The slowdown after the Russian crisis was short-lived and from 2000 the Baltic states entered a period of unprecedented growth lasting until the outbreak of the global financial crisis. Over the years 2000-2007 the average annual rate of growth was 8% in Estonia, 8.5% in Latvia and 7.5% in Lithuania.

 

Commentators began referring to the three countries as the Baltic tigers, in reference to the previously successful South East Asian countries. Many factors contributed to the boom from 2000 to 2007. Consumer and investor confidence improved as negotiations about membership of the European Union and Nato progressed. Large inflows of capital from abroad meant that the Baltic households and businesses could borrow easily and at low interest rates. Meanwhile, tourism, transport and other service sectors thrived. The rapid economic growth meant that the income gap between the Baltic states and Western Europe shank rapidly. While income per capita PPP was around 30-34% of the EU15 level in 1999, it was 52-62% in 2008. Income levels were still substantially below those in neighbouring Sweden and Finland, but they were rapidly approaching those of several southern European countries.

 

The boom led to great optimism. The Estonian prime minister, Andrus Ansip, proclaimed in 2007 that Estonia would be one of the five richest countries in Europe within 15 years. The global financial crisis ended these lofty hopes.

 

The global financial crisis hit the Baltic states exceptionally hard. The output loss was around 14% in 2009 alone and Estonia and Latvia also saw large losses in in the years before or after. The Baltic states were subject to sudden stops as capital inflows ceased abruptly, making it difficult to borrow for consumption and investment. Export was severely hampered by declining foreign demand. Moreover, business confidence waned and investments collapsed. The crisis led to very high unemployment and economic hardship in turn spurring mass emigration from especially Latvia and Lithuania. The Baltic states returned to economic growth in 2010-2011 and have since had positive growth rates. Economic growth has however been relatively modest, amounting to around 2-3% per year throughout the years 2012-2016. The convergence process has slowed down and this is particularly the case if the income level of the Baltic states is compared to the one of Sweden or other western Baltic rim countries. In 2016 GDP per capita PPP was 60-71% of the EU15 level and 52-61% of the level in Sweden. The somewhat unsatisfactory growth performance following the crisis is particularly concerning given the very large output declines during the global financial crisis. Empirical analyses show that economic growth in the Baltic states in the post-crisis period can be explained almost entirely by growth in the capital stock and employment while there has been virtually no growth in the efficiency with which these resources are used.
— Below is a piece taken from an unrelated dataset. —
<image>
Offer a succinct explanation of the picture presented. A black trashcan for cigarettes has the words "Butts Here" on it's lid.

The development has led to the question whether the Baltic states may be caught in a middle income trap, i.e. a situation where income convergence ceases at the time per capita income reaches say half of the US level. Some middle-income countries in Latin America and Asia appear to have been caught in such a trap marked by low investments and slow technological advancement. The economic prospects for the Baltic states have improved in 2017, and forecasts of economic growth in 2017 and 2018 have been raised as new data have become available. The upturn is largely driven by domestic demand, in particular demand from the construction and retail sectors.

 

This panoramic account of economic developments in the Baltic states since they regained independence in 1991 has highlighted the rapid but also very volatile economic growth. Production and living standards have improved greatly, narrowing the gap to their Western European peers, including its Baltic rim neighbours Finland, Sweden and Denmark. Booms have however not been sustainable and the ensuring recessions have been exceptionally deep causing great economic hardship. Looking ahead, the goal must be to ensure high rates of economic growth and a continuation of the convergence process while at the same time seeking to reduce excessive business cycle dynamics. The economic achievements of the Baltic states in the last quarter century have been impressive but challenges remain.